Silivri 9 No’lu Cezaevi’ndeki kanser hastası hükümlü Mesude Pehlivan (52), aylardır tek kişilik hücrede tutulduğunu, kemoterapi tedavisinin engellendiğini, hastalığının da giderek kötüleştiğini söyledi. Pehlivan, cezaevinden Cumhuriyet’e gönderdiği mektupta, “Ben de tıpkı Güler Zere gibi gün gün ölüme terk edilmiş durumdayım. Hastalığım biraz daha ilerledikten sonra tedavi adı altında hastaneye götürüleceğim, ancak o zaman da hastalığım tedaviye yanıt vermeyecek” dedi. TAYAD, 1 Ağustos’ta Silivri’ye sürülen Pehlivan’ın serbest bırakılması için Change.org’da imza kampanyası başlattı.
Hemşirelik yaparken tutuklanan Pehlivan, cezaevinde mide kanserine yakalandığını, hastalığın kısa zamanda vücuduna yayıldığını belirtti. Bakırköy Cezaevi’nden sürülmeden önce tiroitindeki tümör ameliyatı için tetkikler yapıldığını, her ayın 15’inde kemoterapi tedavisi gördüğünü dile getiren Pehlivan, Silivri’ye getirildiğinden beri hiç kemoterapi almadığını ifade etti.
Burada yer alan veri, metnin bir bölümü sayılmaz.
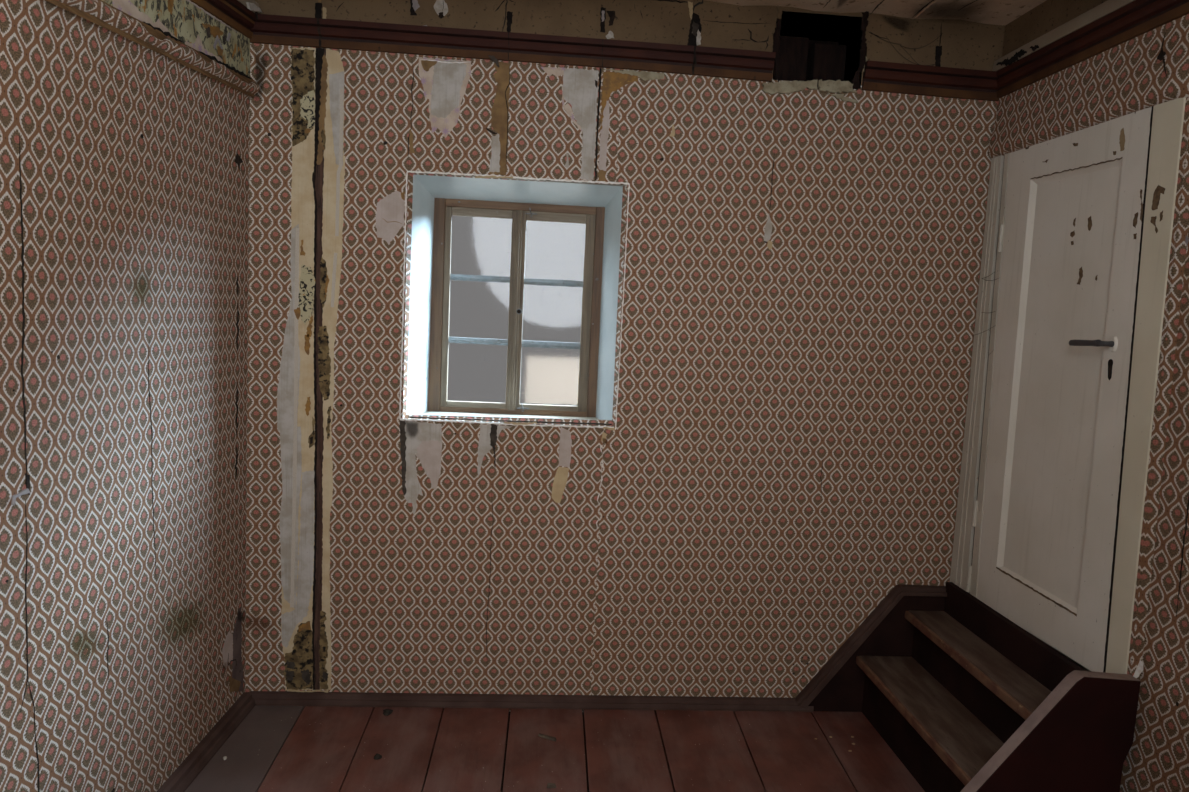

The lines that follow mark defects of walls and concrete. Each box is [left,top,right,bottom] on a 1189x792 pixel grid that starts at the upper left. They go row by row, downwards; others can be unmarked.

peeling [421,60,437,71]
crack [496,0,514,60]
crack [600,0,772,74]
spalling [762,5,869,103]
peeling [1133,185,1165,239]
crack [11,136,40,792]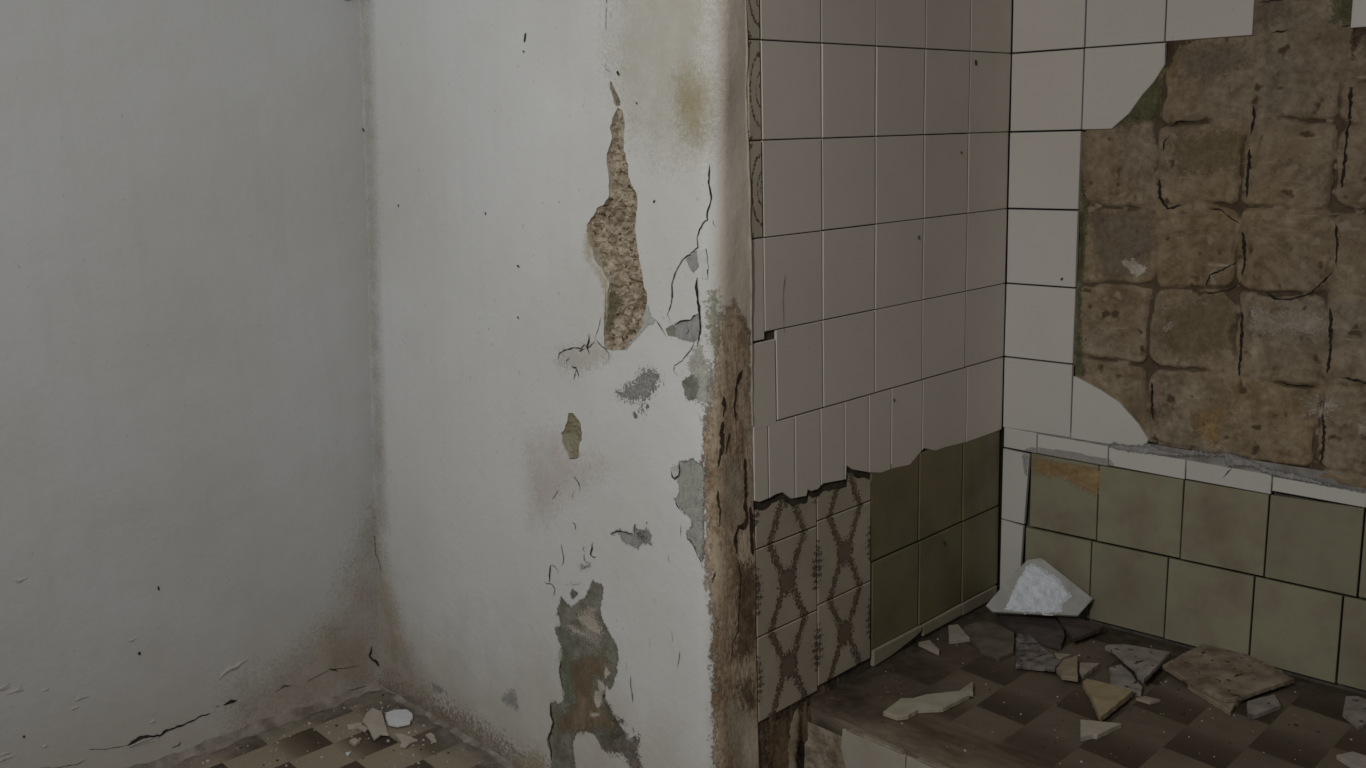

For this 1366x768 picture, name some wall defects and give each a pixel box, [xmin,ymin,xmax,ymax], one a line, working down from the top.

crack [657,166,716,375]
peeling [1074,0,1366,489]
flaking render [587,81,820,768]
crack [89,700,237,750]
flaking render [546,581,643,768]
spalling [883,682,973,721]

HAFTALARDIR DOSYAMA BAKILMADI, ÖLÜMÜN KIYISINA GETİRİLDİM
Yaklaşık iki aydır hücrede tutulduğunu ifade eden Pehlivan, şöyle yazdı:
“İstanbul Eğitim ve Araştırma Hastanesi’nin takipli hastasıyım. Buraya geldiğimden bu yana tek bir defa bile hastaneye götürülmedim. Hastalığım da bir üst aşamaya geçmiş durumda. Kemoterapide ikinci aşamaya geçilecekti. Silivri’ye geldiğim günden beri hastaneye gitmek için uğraşıyorum. Bunun için gerek hapishane idaresine gerek revir doktoruna defalarca dilekçe yazdım. Sözlü olarak durumumu ve talebimi ilettim. Fakat hiçbir sonuç alamadım. Her geçen gün hastalığım ilerliyor . Kampus hastanesine sağlık dosyamın gittiği ve oradaki kurula dosyamın gösterileceği söylenip duruyor. Haftalardır dosyama bakılmadı. Güler Zere örneği halen hafızalarımızdadır. Hastaneye sevkim yapıldığında ölümün kıyısına getirilmiş olacağım. Bu tamamen bilinçli bir politikadır.”
SESİMİ DUYUN
Yıllarca Çapa’da hemşirelik yaptığını belirten Pehlivan, “Bir hasta dosyasının kurulda görülme süresini, hastaneye sevk yapılma aşamasını çok iyi bilmekteyim. İdarenin söylemleri hiç inandırıcı gelmiyor. Ölüm benim ve benim gibi tüm hasta tutsakların kapısını çalmadan dışarıya sesimi duyurmak istiyorum.” dedi.
Change.org’da başlatılan imza kampanyasının çağrı metninde, 16 yıldır cezaevinde olan Pehlivan’ın, 2000’deki ‘Hayata Dönüş’ operasyonu sırasında kullanılan kimyasal gazlar sonucu kanser hastalığına yakalandığı iddia edildi. Pehlivan’ın iki yıldır kanser tedavisi gördüğü belirtilerek, “Pehlivan, kalp krizi riski taşıyan bir kanser hastasıdır. Tecrit altında tutuluyor olması bile başlı başına işkencedir” denildi.